Output every record exactly, apart from its images.

Stored dataset items
-=-=-=-=-
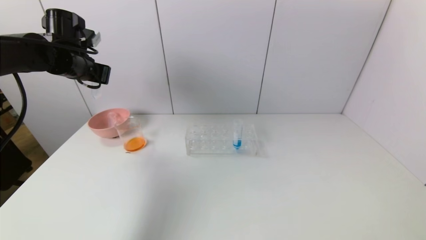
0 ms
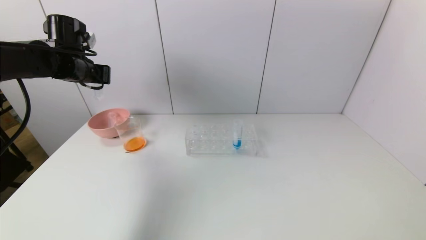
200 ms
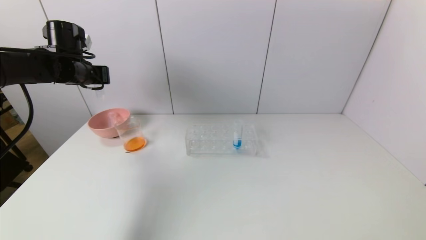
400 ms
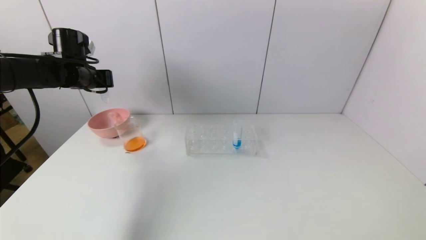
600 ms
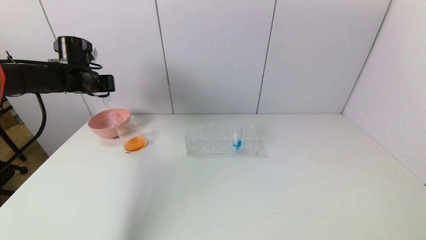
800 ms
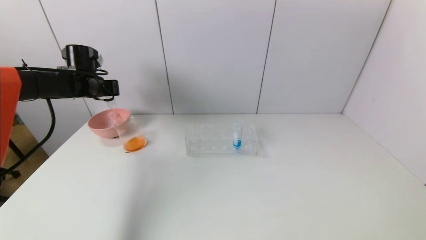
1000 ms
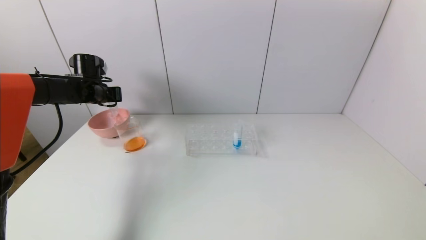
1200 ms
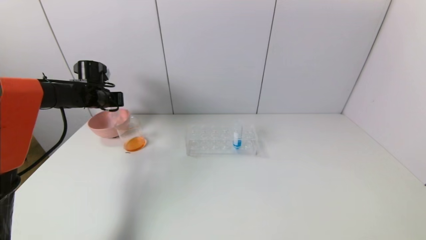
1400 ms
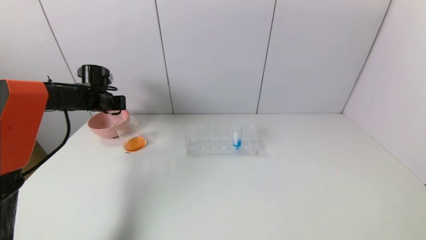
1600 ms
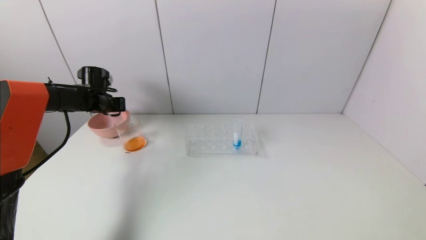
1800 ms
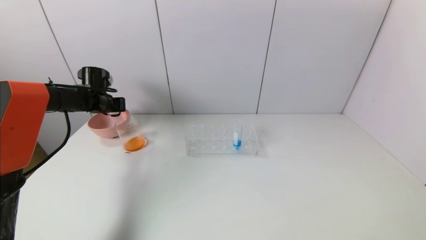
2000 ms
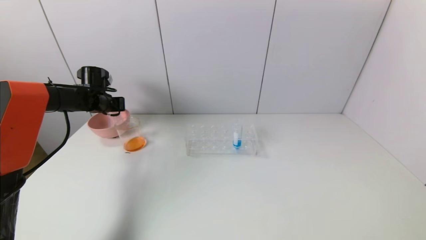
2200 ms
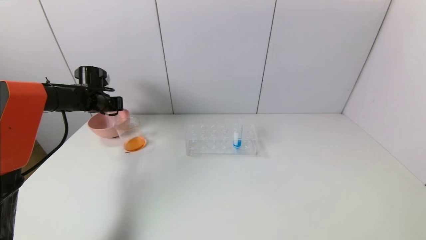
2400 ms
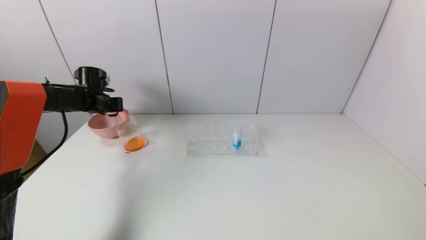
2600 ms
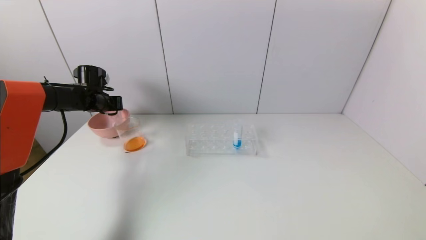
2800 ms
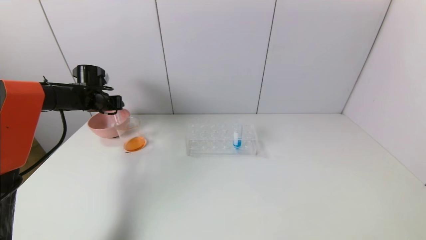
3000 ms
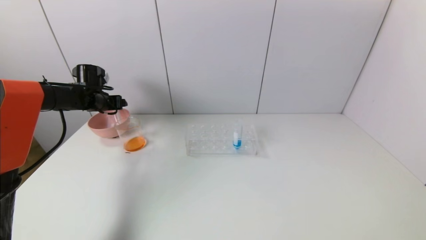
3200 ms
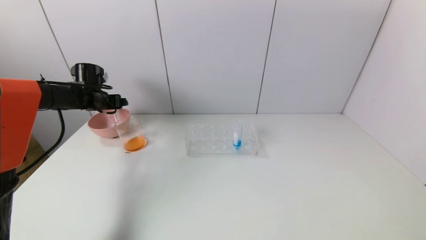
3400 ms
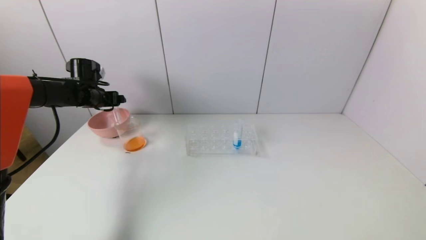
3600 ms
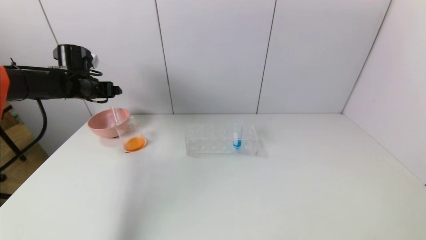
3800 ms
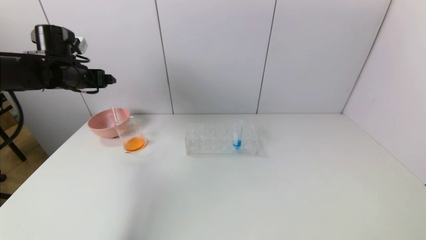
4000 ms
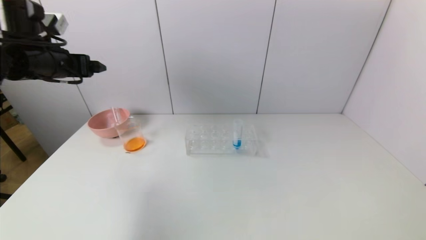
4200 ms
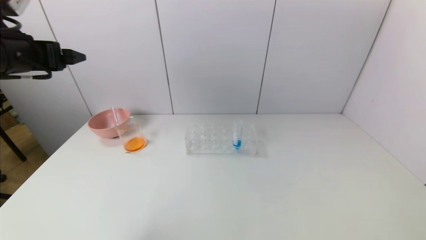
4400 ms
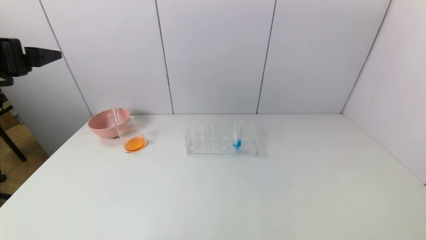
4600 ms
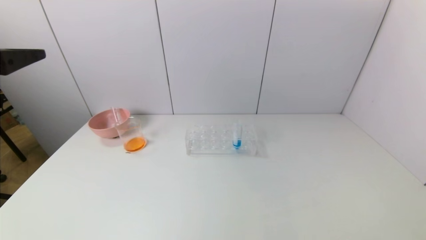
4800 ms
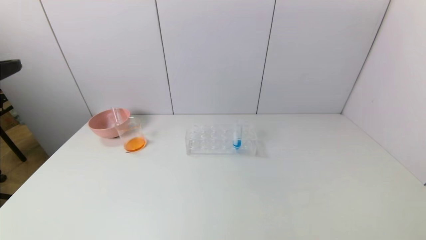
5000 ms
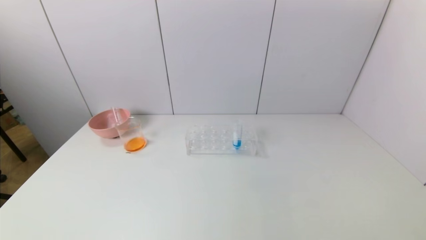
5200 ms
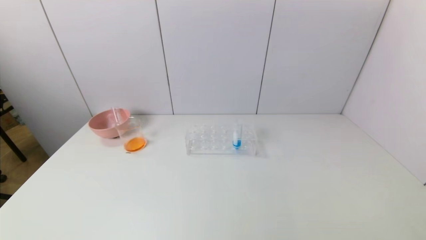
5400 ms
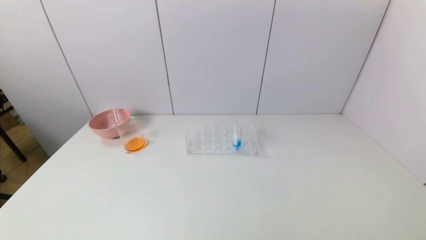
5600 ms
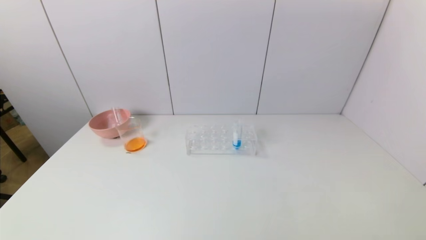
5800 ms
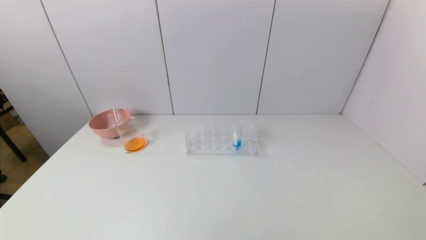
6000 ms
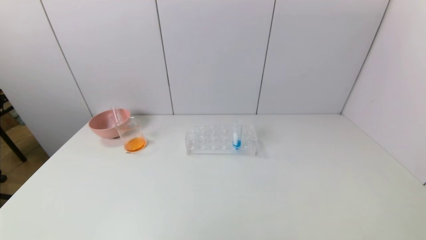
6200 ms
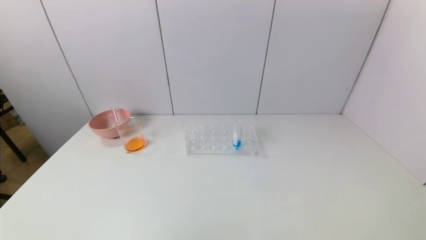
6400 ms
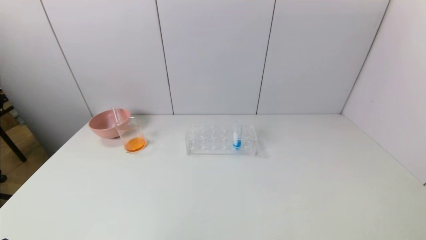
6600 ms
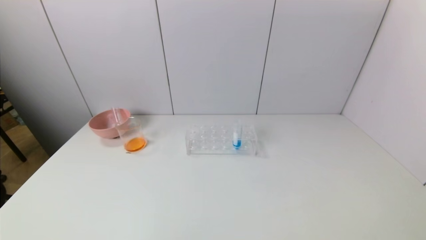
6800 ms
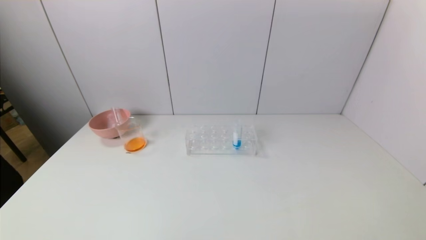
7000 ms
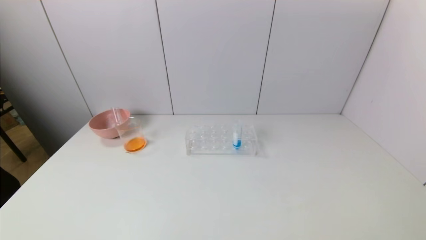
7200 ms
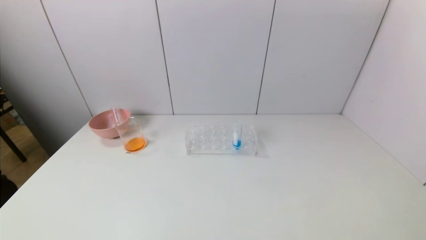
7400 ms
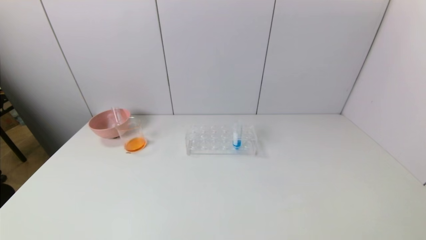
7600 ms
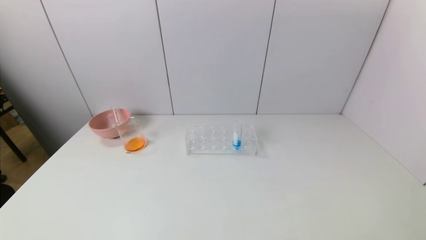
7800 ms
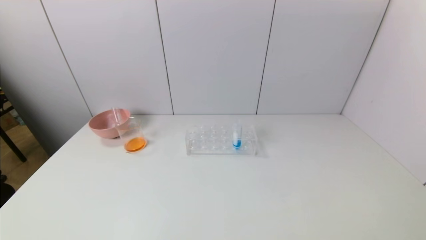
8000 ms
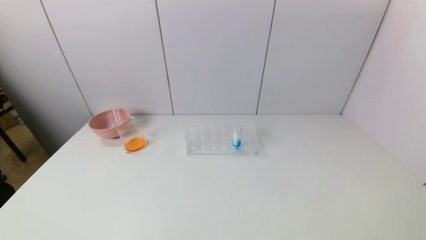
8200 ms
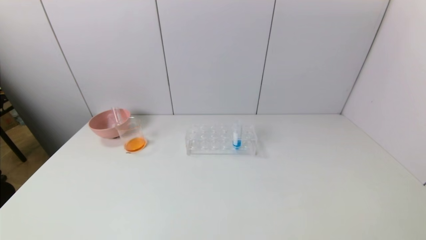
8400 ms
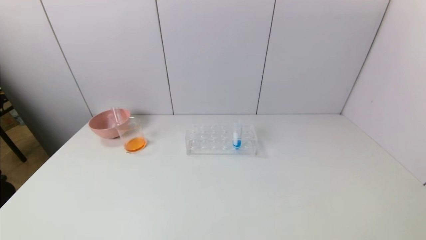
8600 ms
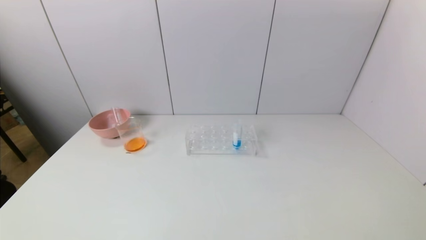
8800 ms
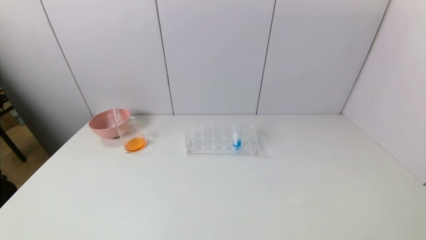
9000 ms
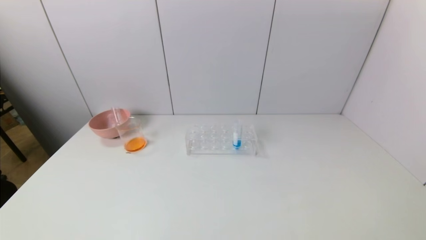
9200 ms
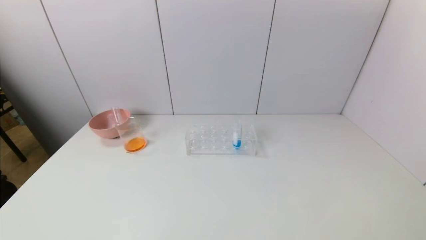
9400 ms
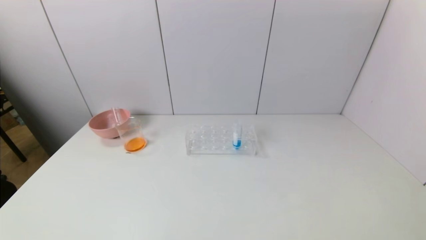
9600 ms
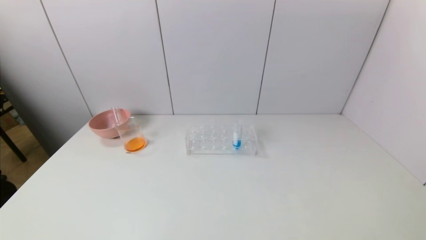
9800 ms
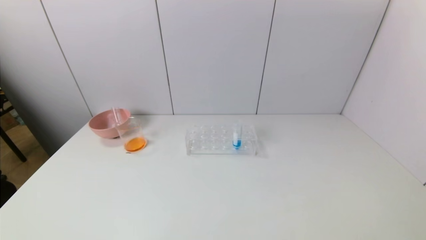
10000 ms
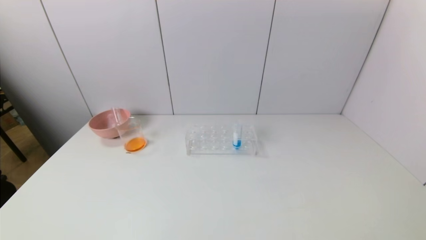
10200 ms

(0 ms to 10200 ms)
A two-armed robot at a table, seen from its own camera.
Task of the whole recording: pick up the test tube with yellow pigment and the test tube with red pigment by grippers and pour them into the beaker.
Step, 0 ms - 3000 ms: Place the test tube into the pink bowl with the left gripper.
0 ms - 1400 ms: The left gripper shifts approximately 15 cm downward and forward.
1400 ms - 3000 ms: The left gripper opens.
3000 ms - 4400 ms: The left gripper moves backward and upward, roughly 30 cm, and opens its fingers.
4400 ms - 5800 ms: The left gripper shifts some 30 cm backward.
5800 ms - 7200 ms: The left gripper shifts some 15 cm downward.
-=-=-=-=-
» EXERCISE SOLUTION
0 ms
200 ms
400 ms
600 ms
800 ms
1000 ms
1200 ms
1400 ms
1600 ms
1800 ms
2000 ms
2200 ms
2400 ms
2600 ms
2800 ms
3000 ms
3200 ms
3400 ms
3600 ms
3800 ms
4000 ms
4200 ms
4400 ms
4600 ms
4800 ms
5000 ms
5200 ms
5400 ms
5600 ms
5800 ms
6000 ms
6200 ms
6400 ms
6600 ms
6800 ms
7000 ms
7200 ms
7400 ms
7600 ms
7800 ms
8000 ms
8200 ms
8400 ms
8600 ms
8800 ms
9000 ms
9200 ms
9400 ms
9600 ms
9800 ms
10000 ms
10200 ms

(0 ms to 10200 ms)
A two-armed robot at a table, seen from its own camera.
Task of the whole recording: pick up the test tube with yellow pigment and the test tube with red pigment by grippers and pour them into the beaker.
Step, 0 ms - 3000 ms: Place the test tube into the pink bowl with the left gripper.
0 ms - 1400 ms: The left gripper shifts approximately 15 cm downward and forward.
1400 ms - 3000 ms: The left gripper opens.
3000 ms - 4400 ms: The left gripper moves backward and upward, roughly 30 cm, and opens its fingers.
4400 ms - 5800 ms: The left gripper shifts some 30 cm backward.
5800 ms - 7200 ms: The left gripper shifts some 15 cm downward.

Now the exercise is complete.